Never did I think that I would be interested... heck... excited... about a math book... but this is a great book, and good reading for anyone interested in education... It has given me a great deal to think about as a EFL teacher, a field where most "schooling" consists of teaching procedurally...
This excerpt from an editorial review of an entirely different book (The Teaching Gap) but summarizes Liping Ma's research nicely... "American teachers... tend to emphasize terms and procedures, thinking of math as a set of tedious skills... In contrast, [Chinese] teachers are more likely to emphasize ideas, expecting the concepts alone to stir students' natural curiosity."
It doesn't matter what field you are teaching, teaching a "procedural understanding" is like giving the students a fish; it will feed them for a day... a "conceptual understanding" will feed them for a lifetime...

That's right: a teacher (undoubtedly an American teacher), and even worse, one working on a master's degree in education. And yet, she (to pick a gender to use) is unable to see any worth in this great book. Furthermore, her review illustrates one of the problems with many teachers today in the US: the lack of critical thinking skills, not to mention an apparent ignorance about research methodologies.

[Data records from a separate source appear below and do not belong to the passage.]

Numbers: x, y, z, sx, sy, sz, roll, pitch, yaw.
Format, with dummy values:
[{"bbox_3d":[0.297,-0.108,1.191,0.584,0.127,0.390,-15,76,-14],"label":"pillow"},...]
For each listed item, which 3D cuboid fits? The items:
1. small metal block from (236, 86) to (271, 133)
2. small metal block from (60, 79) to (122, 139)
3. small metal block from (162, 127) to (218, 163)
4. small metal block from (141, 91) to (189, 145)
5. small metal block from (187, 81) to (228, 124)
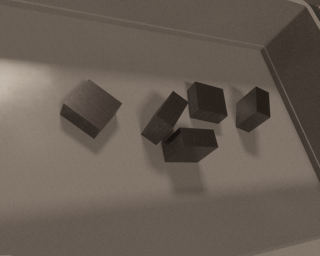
[{"bbox_3d":[0.146,-0.029,0.488,0.025,0.050,0.050,22,53,-16],"label":"small metal block"},{"bbox_3d":[-0.083,-0.023,0.376,0.050,0.025,0.050,37,51,-4],"label":"small metal block"},{"bbox_3d":[0.037,0.023,0.397,0.050,0.050,0.025,4,60,-27],"label":"small metal block"},{"bbox_3d":[0.006,-0.012,0.402,0.025,0.050,0.050,36,51,-5],"label":"small metal block"},{"bbox_3d":[0.071,-0.038,0.469,0.050,0.025,0.050,11,57,-23],"label":"small metal block"}]
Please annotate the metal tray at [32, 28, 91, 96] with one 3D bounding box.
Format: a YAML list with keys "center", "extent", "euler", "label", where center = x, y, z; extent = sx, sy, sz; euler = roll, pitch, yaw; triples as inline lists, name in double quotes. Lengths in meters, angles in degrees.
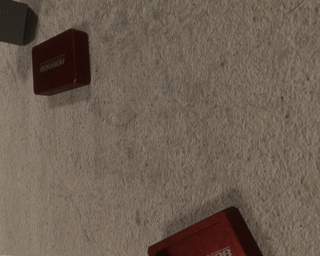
- center: [-0.177, -0.111, 0.544]
  extent: [0.130, 0.030, 0.089]
  euler: [-7, 86, 39]
  label: "metal tray"

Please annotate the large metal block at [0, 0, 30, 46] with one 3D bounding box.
- center: [-0.306, -0.210, 0.608]
  extent: [0.050, 0.081, 0.079]
  euler: [-141, 62, -67]
  label: "large metal block"

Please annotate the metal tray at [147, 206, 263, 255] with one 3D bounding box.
- center: [0.052, 0.158, 0.357]
  extent: [0.130, 0.030, 0.090]
  euler: [-39, 67, 33]
  label: "metal tray"
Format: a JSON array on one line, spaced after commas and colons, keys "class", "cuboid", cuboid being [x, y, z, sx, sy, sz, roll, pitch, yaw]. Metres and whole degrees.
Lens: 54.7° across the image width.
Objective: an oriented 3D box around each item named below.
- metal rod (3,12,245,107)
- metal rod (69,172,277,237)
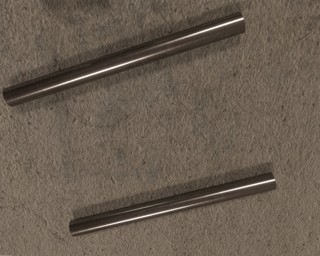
[{"class": "metal rod", "cuboid": [-0.047, -0.082, 0.378, 0.301, 0.025, 0.025, -17, 110, 5]}, {"class": "metal rod", "cuboid": [0.015, 0.112, 0.451, 0.301, 0.025, 0.025, -14, 110, 4]}]
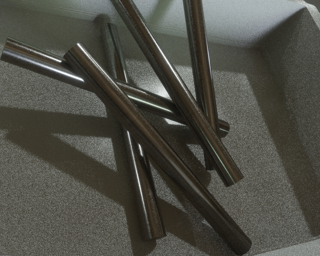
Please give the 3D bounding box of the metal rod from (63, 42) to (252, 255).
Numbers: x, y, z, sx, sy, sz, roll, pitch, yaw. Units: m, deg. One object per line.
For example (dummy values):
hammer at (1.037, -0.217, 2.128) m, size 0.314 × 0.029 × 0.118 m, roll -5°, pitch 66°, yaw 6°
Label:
metal rod at (0.005, 0.032, 0.347) m, size 0.300 × 0.025 × 0.025 m, roll 50°, pitch 50°, yaw -11°

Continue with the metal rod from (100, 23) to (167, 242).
metal rod at (-0.040, -0.013, 0.393) m, size 0.025 × 0.025 × 0.299 m, roll -1°, pitch 62°, yaw -29°

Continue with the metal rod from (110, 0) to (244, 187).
metal rod at (0.014, -0.061, 0.395) m, size 0.025 × 0.025 × 0.299 m, roll -25°, pitch 81°, yaw -37°

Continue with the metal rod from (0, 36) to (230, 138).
metal rod at (-0.030, -0.038, 0.381) m, size 0.302 × 0.025 × 0.025 m, roll 18°, pitch 54°, yaw -31°

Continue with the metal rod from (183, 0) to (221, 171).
metal rod at (0.053, -0.094, 0.409) m, size 0.025 × 0.025 × 0.298 m, roll -8°, pitch 90°, yaw -32°
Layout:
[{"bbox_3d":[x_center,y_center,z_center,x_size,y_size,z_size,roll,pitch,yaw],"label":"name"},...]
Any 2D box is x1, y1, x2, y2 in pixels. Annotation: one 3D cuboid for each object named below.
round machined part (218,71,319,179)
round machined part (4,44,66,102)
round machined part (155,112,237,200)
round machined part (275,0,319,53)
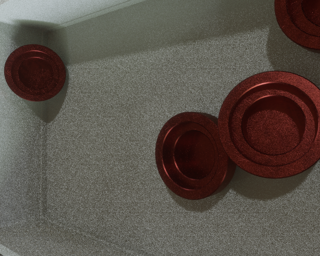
[{"bbox_3d":[0.109,-0.002,0.296,0.098,0.042,0.097,-3,83,25],"label":"round machined part"},{"bbox_3d":[-0.220,-0.097,0.551,0.042,0.099,0.097,-162,77,-70],"label":"round machined part"},{"bbox_3d":[0.045,0.030,0.358,0.098,0.042,0.097,0,91,40],"label":"round machined part"},{"bbox_3d":[0.155,-0.112,0.267,0.098,0.042,0.097,0,90,40],"label":"round machined part"}]

That reviewer complained that the author "neglects to even mention any cultural differences between the two societies that she is comparing" and saw that failure as a fallacy that undermined everything said in the entire book. How cultural differences would alter any of the valuable lessons that we can learn from this book about a better way of teaching mathematics in elementary school and the importance of teachers having an in-depth knowledge of the subjects that they are teaching is completely lost on me. Maybe that's because they would not make any difference!

Math is a universal language, and we should be able to learn something from other cultures who we already know are producing children who consistently outscore American children by a wide margin.

And guess what: one of the basic goals of cross-cultural studies is to find out if others are doing something better and, if so, whether their methods can be applied successfully to help us do something, like teaching mathematics, better. Of course there are some cultural differences between the US and China, but so what? The point is to examine other societies who are apparently doing a better job in some area and see what they are doing differently and what can we learn from them.

The fact that a teacher found this book "boring and not worth the paper that it is printed on" should tell those of you not working in the field of education how bad it already is in our schools and how much worse it is probably going to get in the future. I teach remedial mathematics at the college level. In case any of you reading my comments did not know it, many of our schools are, and for some time now have been, graduating kids from high school who cannot add and subtract integers because they do not understand the most basic facts about our number system and how it works. None of my students have even heard the term "base 10," which is what the "composing" and "decomposing" concepts used by the Chinese teachers relies so heavily upon, and is what determines the value of every number in the system that we use in everyday life (computers, of course, use base 2).

Is there any hope for improvement in the future? Frankly, I don't think so because we just keep throwing money at the problem (giving it to the same people who helped cause the problems), rather than doing those things that are necessary to bring about meaningful changes.